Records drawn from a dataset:

Segment Open

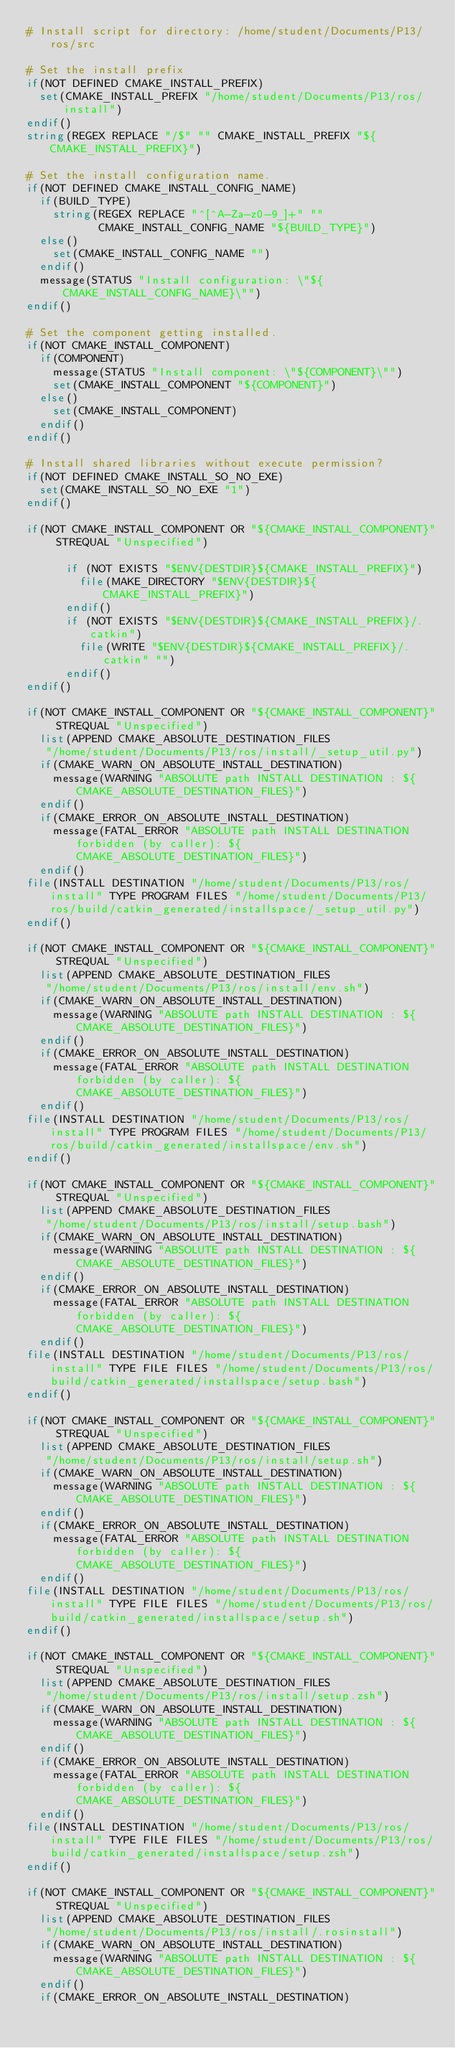<code> <loc_0><loc_0><loc_500><loc_500><_CMake_># Install script for directory: /home/student/Documents/P13/ros/src

# Set the install prefix
if(NOT DEFINED CMAKE_INSTALL_PREFIX)
  set(CMAKE_INSTALL_PREFIX "/home/student/Documents/P13/ros/install")
endif()
string(REGEX REPLACE "/$" "" CMAKE_INSTALL_PREFIX "${CMAKE_INSTALL_PREFIX}")

# Set the install configuration name.
if(NOT DEFINED CMAKE_INSTALL_CONFIG_NAME)
  if(BUILD_TYPE)
    string(REGEX REPLACE "^[^A-Za-z0-9_]+" ""
           CMAKE_INSTALL_CONFIG_NAME "${BUILD_TYPE}")
  else()
    set(CMAKE_INSTALL_CONFIG_NAME "")
  endif()
  message(STATUS "Install configuration: \"${CMAKE_INSTALL_CONFIG_NAME}\"")
endif()

# Set the component getting installed.
if(NOT CMAKE_INSTALL_COMPONENT)
  if(COMPONENT)
    message(STATUS "Install component: \"${COMPONENT}\"")
    set(CMAKE_INSTALL_COMPONENT "${COMPONENT}")
  else()
    set(CMAKE_INSTALL_COMPONENT)
  endif()
endif()

# Install shared libraries without execute permission?
if(NOT DEFINED CMAKE_INSTALL_SO_NO_EXE)
  set(CMAKE_INSTALL_SO_NO_EXE "1")
endif()

if(NOT CMAKE_INSTALL_COMPONENT OR "${CMAKE_INSTALL_COMPONENT}" STREQUAL "Unspecified")
  
      if (NOT EXISTS "$ENV{DESTDIR}${CMAKE_INSTALL_PREFIX}")
        file(MAKE_DIRECTORY "$ENV{DESTDIR}${CMAKE_INSTALL_PREFIX}")
      endif()
      if (NOT EXISTS "$ENV{DESTDIR}${CMAKE_INSTALL_PREFIX}/.catkin")
        file(WRITE "$ENV{DESTDIR}${CMAKE_INSTALL_PREFIX}/.catkin" "")
      endif()
endif()

if(NOT CMAKE_INSTALL_COMPONENT OR "${CMAKE_INSTALL_COMPONENT}" STREQUAL "Unspecified")
  list(APPEND CMAKE_ABSOLUTE_DESTINATION_FILES
   "/home/student/Documents/P13/ros/install/_setup_util.py")
  if(CMAKE_WARN_ON_ABSOLUTE_INSTALL_DESTINATION)
    message(WARNING "ABSOLUTE path INSTALL DESTINATION : ${CMAKE_ABSOLUTE_DESTINATION_FILES}")
  endif()
  if(CMAKE_ERROR_ON_ABSOLUTE_INSTALL_DESTINATION)
    message(FATAL_ERROR "ABSOLUTE path INSTALL DESTINATION forbidden (by caller): ${CMAKE_ABSOLUTE_DESTINATION_FILES}")
  endif()
file(INSTALL DESTINATION "/home/student/Documents/P13/ros/install" TYPE PROGRAM FILES "/home/student/Documents/P13/ros/build/catkin_generated/installspace/_setup_util.py")
endif()

if(NOT CMAKE_INSTALL_COMPONENT OR "${CMAKE_INSTALL_COMPONENT}" STREQUAL "Unspecified")
  list(APPEND CMAKE_ABSOLUTE_DESTINATION_FILES
   "/home/student/Documents/P13/ros/install/env.sh")
  if(CMAKE_WARN_ON_ABSOLUTE_INSTALL_DESTINATION)
    message(WARNING "ABSOLUTE path INSTALL DESTINATION : ${CMAKE_ABSOLUTE_DESTINATION_FILES}")
  endif()
  if(CMAKE_ERROR_ON_ABSOLUTE_INSTALL_DESTINATION)
    message(FATAL_ERROR "ABSOLUTE path INSTALL DESTINATION forbidden (by caller): ${CMAKE_ABSOLUTE_DESTINATION_FILES}")
  endif()
file(INSTALL DESTINATION "/home/student/Documents/P13/ros/install" TYPE PROGRAM FILES "/home/student/Documents/P13/ros/build/catkin_generated/installspace/env.sh")
endif()

if(NOT CMAKE_INSTALL_COMPONENT OR "${CMAKE_INSTALL_COMPONENT}" STREQUAL "Unspecified")
  list(APPEND CMAKE_ABSOLUTE_DESTINATION_FILES
   "/home/student/Documents/P13/ros/install/setup.bash")
  if(CMAKE_WARN_ON_ABSOLUTE_INSTALL_DESTINATION)
    message(WARNING "ABSOLUTE path INSTALL DESTINATION : ${CMAKE_ABSOLUTE_DESTINATION_FILES}")
  endif()
  if(CMAKE_ERROR_ON_ABSOLUTE_INSTALL_DESTINATION)
    message(FATAL_ERROR "ABSOLUTE path INSTALL DESTINATION forbidden (by caller): ${CMAKE_ABSOLUTE_DESTINATION_FILES}")
  endif()
file(INSTALL DESTINATION "/home/student/Documents/P13/ros/install" TYPE FILE FILES "/home/student/Documents/P13/ros/build/catkin_generated/installspace/setup.bash")
endif()

if(NOT CMAKE_INSTALL_COMPONENT OR "${CMAKE_INSTALL_COMPONENT}" STREQUAL "Unspecified")
  list(APPEND CMAKE_ABSOLUTE_DESTINATION_FILES
   "/home/student/Documents/P13/ros/install/setup.sh")
  if(CMAKE_WARN_ON_ABSOLUTE_INSTALL_DESTINATION)
    message(WARNING "ABSOLUTE path INSTALL DESTINATION : ${CMAKE_ABSOLUTE_DESTINATION_FILES}")
  endif()
  if(CMAKE_ERROR_ON_ABSOLUTE_INSTALL_DESTINATION)
    message(FATAL_ERROR "ABSOLUTE path INSTALL DESTINATION forbidden (by caller): ${CMAKE_ABSOLUTE_DESTINATION_FILES}")
  endif()
file(INSTALL DESTINATION "/home/student/Documents/P13/ros/install" TYPE FILE FILES "/home/student/Documents/P13/ros/build/catkin_generated/installspace/setup.sh")
endif()

if(NOT CMAKE_INSTALL_COMPONENT OR "${CMAKE_INSTALL_COMPONENT}" STREQUAL "Unspecified")
  list(APPEND CMAKE_ABSOLUTE_DESTINATION_FILES
   "/home/student/Documents/P13/ros/install/setup.zsh")
  if(CMAKE_WARN_ON_ABSOLUTE_INSTALL_DESTINATION)
    message(WARNING "ABSOLUTE path INSTALL DESTINATION : ${CMAKE_ABSOLUTE_DESTINATION_FILES}")
  endif()
  if(CMAKE_ERROR_ON_ABSOLUTE_INSTALL_DESTINATION)
    message(FATAL_ERROR "ABSOLUTE path INSTALL DESTINATION forbidden (by caller): ${CMAKE_ABSOLUTE_DESTINATION_FILES}")
  endif()
file(INSTALL DESTINATION "/home/student/Documents/P13/ros/install" TYPE FILE FILES "/home/student/Documents/P13/ros/build/catkin_generated/installspace/setup.zsh")
endif()

if(NOT CMAKE_INSTALL_COMPONENT OR "${CMAKE_INSTALL_COMPONENT}" STREQUAL "Unspecified")
  list(APPEND CMAKE_ABSOLUTE_DESTINATION_FILES
   "/home/student/Documents/P13/ros/install/.rosinstall")
  if(CMAKE_WARN_ON_ABSOLUTE_INSTALL_DESTINATION)
    message(WARNING "ABSOLUTE path INSTALL DESTINATION : ${CMAKE_ABSOLUTE_DESTINATION_FILES}")
  endif()
  if(CMAKE_ERROR_ON_ABSOLUTE_INSTALL_DESTINATION)</code>

Segment Closed

_WHAT TO PRODUCE:_
The word "configuration" appears in some lines of the data. Copy every one of those lines.

_RESULT OF THE EXERCISE:_
# Set the install configuration name.
  message(STATUS "Install configuration: \"${CMAKE_INSTALL_CONFIG_NAME}\"")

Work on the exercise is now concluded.